*** The data ***

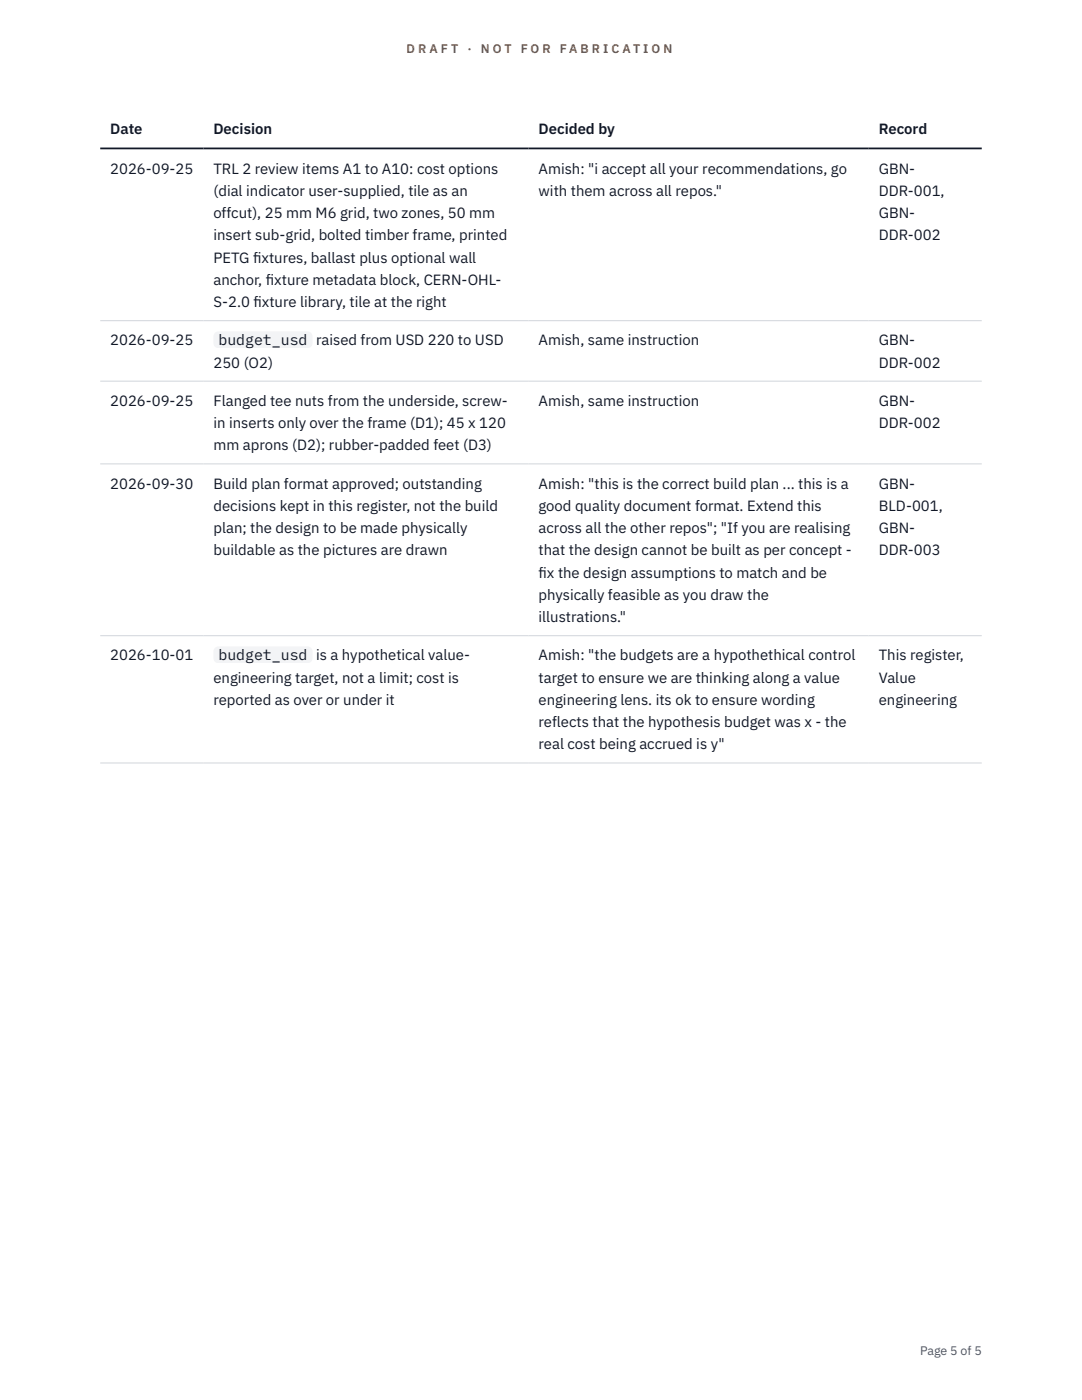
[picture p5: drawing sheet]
<svg xmlns="http://www.w3.org/2000/svg" width="216mm" height="279mm" viewBox="0 0 216 279" stroke-linecap="round" stroke-linejoin="round" font-family="sans-serif">
<defs><g id="words">
<g font-size="3" fill="#111827">
<text x="22" y="26.8">Date</text>
<text x="42.6" y="26.8">Decision</text>
<text x="107.5" y="26.8">Decided by</text>
<text x="175.3" y="26.8">Record</text>
<text x="22" y="34.6">2026-09-25</text>
<text x="42.6" y="34.6">TRL 2 review items A1 to A10: cost options</text>
<text x="107.5" y="34.6">Amish: &quot;i accept all your recommendations, go</text>
<text x="175.3" y="34.6">GBN-</text>
<text x="42.6" y="39.1">(dial indicator user-supplied, tile as an</text>
<text x="107.5" y="39.1">with them across all repos.&quot;</text>
<text x="175.3" y="39.1">DDR-001,</text>
<text x="42.6" y="43.5">offcut), 25 mm M6 grid, two zones, 50 mm</text>
<text x="42.6" y="48">insert sub-grid, bolted timber frame, printed</text>
<text x="175.3" y="43.5">GBN-</text>
<text x="175.3" y="48">DDR-002</text>
<text x="42.6" y="52.4">PETG f</text>
<text x="50.5" y="52.4">ixtures, ballast plus optional wall</text>
<text x="42.6" y="56.9">anchor, f</text>
<text x="53" y="56.9">ixture metadata block, CERN-OHL-</text>
<text x="42.6" y="61.3">S-2.0 f</text>
<text x="50.6" y="61.3">ixture library, tile at the right</text>
<text x="22" y="68.9">2026-09-25</text>
<text x="43.6" y="68.9">budget_usd</text>
<text x="63.1" y="68.9">raised from USD 220 to USD</text>
<text x="107.5" y="68.9">Amish, same instruction</text>
<text x="175.3" y="68.9">GBN-</text>
<text x="42.6" y="73.4">250 (O2)</text>
<text x="175.3" y="73.4">DDR-002</text>
<text x="22" y="81">2026-09-25</text>
<text x="42.6" y="81">Flanged tee nuts from the underside, screw-</text>
<text x="107.5" y="81">Amish, same instruction</text>
<text x="175.3" y="81">GBN-</text>
<text x="42.6" y="85.4">in inserts only over the frame (D1); 45 x 120</text>
<text x="42.6" y="89.9">mm aprons (D2); rubber-padded feet (D3)</text>
<text x="175.3" y="85.4">DDR-002</text>
<text x="22" y="97.5">2026-09-30</text>
<text x="42.6" y="97.5">Build plan format approved; outstanding</text>
<text x="42.6" y="101.9">decisions kept in this register, not the build</text>
<text x="107.5" y="97.5">Amish: &quot;this is the correct build plan ... this is a</text>
<text x="107.5" y="101.9">good quality document format. Extend this</text>
<text x="175.3" y="97.5">GBN-</text>
<text x="175.3" y="101.9">BLD-001,</text>
<text x="42.6" y="106.4">plan; the design to be made physically</text>
<text x="107.5" y="106.4">across all the other repos&quot;; &quot;If you are realising</text>
<text x="175.3" y="106.4">GBN-</text>
<text x="42.6" y="110.8">buildable as the pictures are drawn</text>
<text x="107.5" y="110.8">that the design cannot be built as per concept -</text>
<text x="175.3" y="110.8">DDR-003</text>
<text x="107.5" y="115.3">f</text>
<text x="107.5" y="115.3">ix the design assumptions to match and be</text>
<text x="107.5" y="119.7">physically feasible as you draw the</text>
<text x="107.5" y="124.2">illustrations.&quot;</text>
<text x="22" y="131.8">2026-10-01</text>
<text x="43.6" y="131.8">budget_usd</text>
<text x="63.1" y="131.8">is a hypothetical value-</text>
<text x="107.5" y="131.8">Amish: &quot;the budgets are a hypothethical control</text>
<text x="175.3" y="131.8">This register,</text>
<text x="42.6" y="136.2">engineering target, not a limit; cost is</text>
<text x="107.5" y="136.2">target to ensure we are thinking along a value</text>
<text x="175.3" y="136.2">Value</text>
<text x="42.6" y="140.7">reported as over or under it</text>
<text x="107.5" y="140.7">engineering lens. its ok to ensure wording</text>
<text x="175.3" y="140.7">engineering</text>
<text x="107.5" y="145.1">reflects that the hypothesis budget was x - the</text>
<text x="107.5" y="149.6">real cost being accrued is y&quot;</text>
</g>
<g font-size="2.5" fill="#b45309">
<text x="81.1" y="10.5">D R A F T</text>
<text x="93.3" y="10.5">·</text>
<text x="95.9" y="10.5">N O T</text>
<text x="103.9" y="10.5">F O R</text>
<text x="111.7" y="10.5">F A B R I C A T I O N</text>
</g>
<text font-size="2.5" fill="#4b5563" x="183.6" y="270.3">Page 5 of 5</text>
</g></defs>
<path d="M20 64h175.9M20 76.1h175.9M20 92.6h175.9M20 126.9h175.9M20 152.3h175.9" fill="none" stroke="#d1d5db" stroke-width=".2"/>
<path d="M20 29.6h175.9" fill="none" stroke="#111827" stroke-width=".35"/>
<g fill="#f3f4f6">
<path d="M42.6 66.1h19.8v3.4h-19.8z"/>
<path d="M42.6 129h19.8v3.4h-19.8z"/>
</g>
<use href="#words"/>
</svg>

*** End of The data ***

Please return a copy of each line in the entries that has the string "over".

<text x="42.6" y="85.4">in inserts only over the frame (D1); 45 x 120</text>
<text x="42.6" y="140.7">reported as over or under it</text>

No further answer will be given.